Bills of Lading – how can you be sure you are settling a cargo claim with the right party?

July 4, 2015. 

Carlos Soto Sau and another v. AP Møller-Maersk AS (SFL Hawk) [2015] EWHC 458 (Comm) 

The Commercial Court has recently ruled on preliminary issues in a cargo claim, including an issue regarding who the owner of the goods was in circumstances where there was a series of sale contracts and only one of the sale contracts contained a right of rejection. In this case, the Court held that the ultimate buyer at the bottom of the chain of contracts had obtained good title to the cargo as a good faith purchaser for value. The case highlights some of the difficulties that can arise where a series of related contracts is not on back- to-back terms.

The background facts

In October 2012, PT Awindo International (“A”) agreed to sell a cargo of frozen swordfish on CFR terms to Fishco BVBA (“B”) who, in turn, entered into an on-sale contract with Carlos Soto Sau (“C”). The terms of the contract between A and B provided that in the event of rejection by the port health authority, A was to refund B 100% of the invoice amount (the “rejection clause”), and B had the right to cancel the letter of credit (the “L/C”) it had opened, provided it presented the rejection certificate to the bank within 45 days of the date of shipment. The on-sale contract between B and C contained no such rejection clause and payment was also by way of a L/C.

On or about 14 November 2012, a standard form bill of lading was issued, naming A as the shipper and stating that the consignee was “TO ORDER”. C was the stated notify party. In December 2012, the cargo was rejected by the port health authority as unfit for human consumption. B cancelled its L/C pursuant to the rejection clause. However, the receiver, C, took delivery and paid B the full purchase price.

A then brought a claim against Maersk (the Carrier), resulting in a settlement agreement between Maersk and A, whereby A warranted that it was the lawful holder of the bill of lading and that no other party had title to sue. After paying the full contract price for the cargo, C then brought a claim against Maersk under the bill of lading for the sound market value of the cargo less the salvage value, plus handling costs at the port. C alleged that the warranties in the settlement agreement A was in breach of and claimed that it was entitled to sue and recover its losses under the bill of lading.

The preliminary issues to be decided by the Court were as follows: (i) was C at all relevant times the owner of the cargo; and (ii) had C suffered any loss as a result of the alleged damage?

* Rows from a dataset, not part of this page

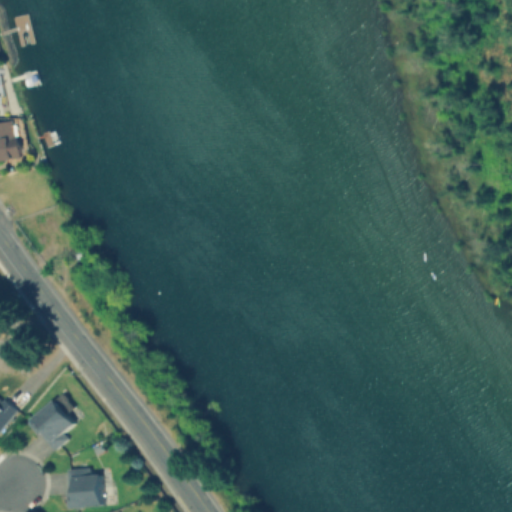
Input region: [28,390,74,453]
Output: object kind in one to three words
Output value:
house
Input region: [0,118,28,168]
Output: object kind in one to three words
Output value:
house
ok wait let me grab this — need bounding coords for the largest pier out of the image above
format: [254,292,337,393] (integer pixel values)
[8,14,36,47]
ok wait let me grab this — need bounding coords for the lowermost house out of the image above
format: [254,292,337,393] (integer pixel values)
[66,468,107,510]
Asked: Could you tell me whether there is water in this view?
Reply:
Yes
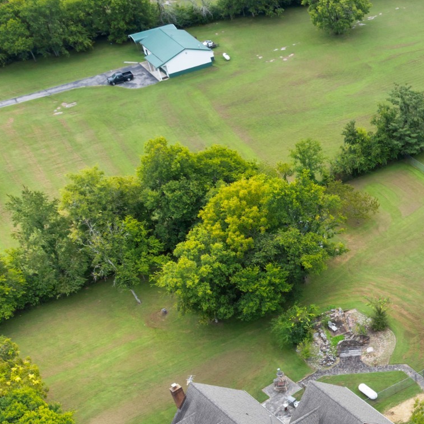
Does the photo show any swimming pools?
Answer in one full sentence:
No, the photo shows no swimming pool.
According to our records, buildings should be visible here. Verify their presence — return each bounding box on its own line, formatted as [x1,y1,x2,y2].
[167,375,390,424]
[137,27,213,80]
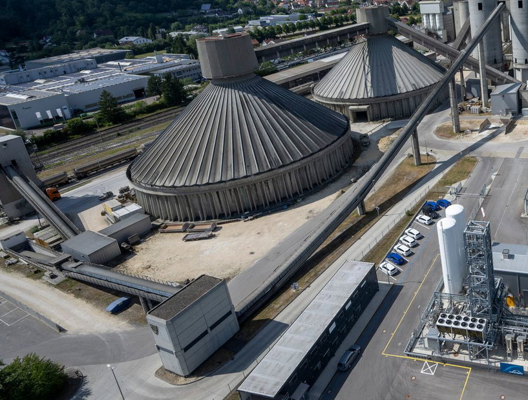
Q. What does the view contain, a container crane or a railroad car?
railroad car
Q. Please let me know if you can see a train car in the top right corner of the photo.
No
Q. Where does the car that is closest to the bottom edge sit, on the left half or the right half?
right
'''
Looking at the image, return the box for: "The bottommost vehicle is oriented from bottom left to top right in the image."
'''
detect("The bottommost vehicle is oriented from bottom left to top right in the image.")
[336,345,360,375]
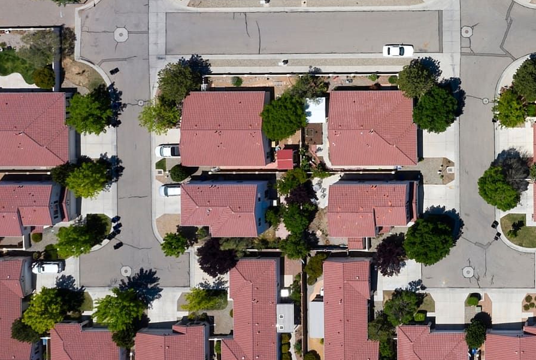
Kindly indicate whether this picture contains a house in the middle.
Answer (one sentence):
Yes, there is a house in the middle.
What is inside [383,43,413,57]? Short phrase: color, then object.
white car
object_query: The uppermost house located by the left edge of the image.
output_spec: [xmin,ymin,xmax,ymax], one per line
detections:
[0,92,76,167]
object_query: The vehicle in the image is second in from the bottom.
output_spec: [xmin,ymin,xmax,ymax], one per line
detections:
[157,184,180,198]
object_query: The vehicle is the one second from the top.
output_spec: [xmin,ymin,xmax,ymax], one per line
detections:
[153,144,181,159]
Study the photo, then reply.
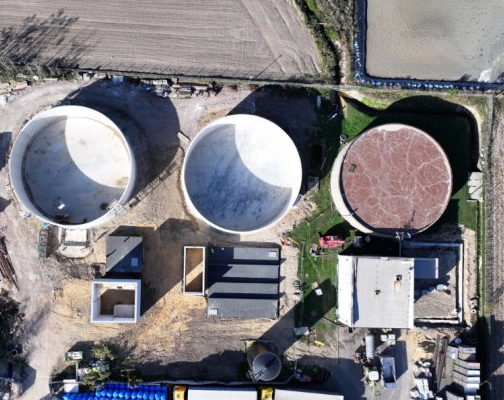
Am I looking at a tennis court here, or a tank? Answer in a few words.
tank
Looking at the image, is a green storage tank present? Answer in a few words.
No
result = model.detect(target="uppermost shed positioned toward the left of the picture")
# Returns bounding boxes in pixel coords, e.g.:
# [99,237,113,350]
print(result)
[106,236,142,271]
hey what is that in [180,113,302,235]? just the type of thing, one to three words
storage tank

The Commercial Court decision

In relation to the first issue, the Court held that C was to be regarded as the owner of the goods from the date of its receipt of the bill of lading. The Court pointed out that, under a CFR contract, the question of when property passes is one of “actual intention”. However, the Court also noted that, whilst transfer of a bill of lading is prima facie evidence of intention to pass property, it is not determinative. The Court found that, in this case, it had not been intended that title to the cargo should pass from A to B until the contract price was paid and received. This was based on B’s rights under the rejection clause.

However, the Court also noted the effect of s.25(1) of the Sale of Goods Act 1979, which covers the situation where a buyer has been allowed by the seller to take possession of the goods or documents of title before property has passed, and then resells. Provided that there is actual delivery of the goods or documents of title, the new purchaser who takes in good faith and without notice of any third party’s right to the goods will obtain a good title. 

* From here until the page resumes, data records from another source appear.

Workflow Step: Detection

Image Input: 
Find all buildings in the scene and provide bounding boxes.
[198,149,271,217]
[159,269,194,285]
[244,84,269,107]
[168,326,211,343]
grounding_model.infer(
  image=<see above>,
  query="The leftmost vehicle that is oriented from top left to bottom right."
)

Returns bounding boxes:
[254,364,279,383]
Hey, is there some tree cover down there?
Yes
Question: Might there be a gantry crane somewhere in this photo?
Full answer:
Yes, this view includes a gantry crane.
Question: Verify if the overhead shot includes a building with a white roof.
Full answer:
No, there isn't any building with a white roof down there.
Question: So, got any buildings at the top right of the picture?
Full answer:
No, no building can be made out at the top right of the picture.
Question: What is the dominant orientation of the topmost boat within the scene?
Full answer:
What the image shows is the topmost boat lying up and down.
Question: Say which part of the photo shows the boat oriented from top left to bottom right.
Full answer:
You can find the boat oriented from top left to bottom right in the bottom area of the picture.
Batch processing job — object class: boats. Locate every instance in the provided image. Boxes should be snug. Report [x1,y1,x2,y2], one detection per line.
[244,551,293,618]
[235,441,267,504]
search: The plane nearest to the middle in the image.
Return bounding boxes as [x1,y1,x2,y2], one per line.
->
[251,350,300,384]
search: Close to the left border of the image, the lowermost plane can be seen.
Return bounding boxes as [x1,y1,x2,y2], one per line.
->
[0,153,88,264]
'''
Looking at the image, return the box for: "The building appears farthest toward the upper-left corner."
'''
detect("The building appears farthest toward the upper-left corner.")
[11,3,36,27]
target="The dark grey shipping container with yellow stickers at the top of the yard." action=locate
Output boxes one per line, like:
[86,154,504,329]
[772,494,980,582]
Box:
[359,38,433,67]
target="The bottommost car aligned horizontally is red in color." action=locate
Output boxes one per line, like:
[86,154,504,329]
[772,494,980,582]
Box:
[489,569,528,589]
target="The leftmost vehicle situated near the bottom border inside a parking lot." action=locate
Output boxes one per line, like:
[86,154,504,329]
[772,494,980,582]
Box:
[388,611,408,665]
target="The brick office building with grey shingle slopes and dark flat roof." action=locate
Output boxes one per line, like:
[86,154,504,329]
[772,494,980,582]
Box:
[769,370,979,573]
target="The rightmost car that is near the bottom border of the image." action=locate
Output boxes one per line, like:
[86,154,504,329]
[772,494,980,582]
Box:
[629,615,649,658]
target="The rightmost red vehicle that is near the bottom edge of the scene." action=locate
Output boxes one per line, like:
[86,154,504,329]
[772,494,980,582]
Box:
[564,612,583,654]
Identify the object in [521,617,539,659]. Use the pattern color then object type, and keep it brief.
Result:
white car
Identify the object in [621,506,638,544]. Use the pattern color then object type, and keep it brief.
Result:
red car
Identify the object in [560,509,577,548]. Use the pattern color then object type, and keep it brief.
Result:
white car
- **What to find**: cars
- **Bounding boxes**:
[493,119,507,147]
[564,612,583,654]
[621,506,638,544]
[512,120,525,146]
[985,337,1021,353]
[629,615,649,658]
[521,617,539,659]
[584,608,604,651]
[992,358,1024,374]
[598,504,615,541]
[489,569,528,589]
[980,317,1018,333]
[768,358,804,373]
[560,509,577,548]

The Court held that C was entitled to rely on s25(1), with the effect that C was to be regarded as the owner of the cargo. In accordance with s25(1), the bill of lading was received by C in good faith and without notice of any lien or other right of A in respect of the cargo. The fact that C had received a packing list which referenced the rejection clause in A’s contract with B was insufficient to put C on notice of the possibility that A retained ownership of the goods.

The second issue was one of causation. The Court held that Maersk’s breach was an effective cause of C’s loss. B’s failure to reimburse C once B’s purchase from A had been cancelled did not amount to an intervening act sufficient to break the chain of causation and let Maersk off the hook.

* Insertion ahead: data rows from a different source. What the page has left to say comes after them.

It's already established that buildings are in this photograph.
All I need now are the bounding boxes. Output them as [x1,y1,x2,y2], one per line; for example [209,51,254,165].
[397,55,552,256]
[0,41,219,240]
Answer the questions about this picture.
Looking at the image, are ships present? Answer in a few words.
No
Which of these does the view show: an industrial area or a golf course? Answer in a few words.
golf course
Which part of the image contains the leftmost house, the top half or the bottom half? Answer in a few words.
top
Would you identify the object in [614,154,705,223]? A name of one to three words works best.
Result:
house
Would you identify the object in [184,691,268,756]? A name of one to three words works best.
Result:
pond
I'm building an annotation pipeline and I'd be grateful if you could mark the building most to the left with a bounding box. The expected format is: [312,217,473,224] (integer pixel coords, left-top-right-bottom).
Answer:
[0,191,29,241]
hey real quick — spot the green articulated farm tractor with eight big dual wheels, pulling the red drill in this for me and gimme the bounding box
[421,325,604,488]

Carriers  and their P&I clubs who settle cargo claims should always ask to see the original bills of lading and check that this names the claimant or has been endorsed to the claimant. If the claimant cannot provide the original bills, save the one that may have been tendered for delivery, then this should raise concerns. 

That said, even if a claimant can produce such a bill, there is always the possibility that other parties with an interest in the goods may seek to sue the carrier. So any settlement should contain an undertaking from the claimant to indemnify the carrier if this happens. 

Where the sums involved are large and the indemnity may be worthless,  a carrier should ask to see the underlying sale contracts and related correspondence in order to satisfy himself that he is settling the claim with the only party that can sue.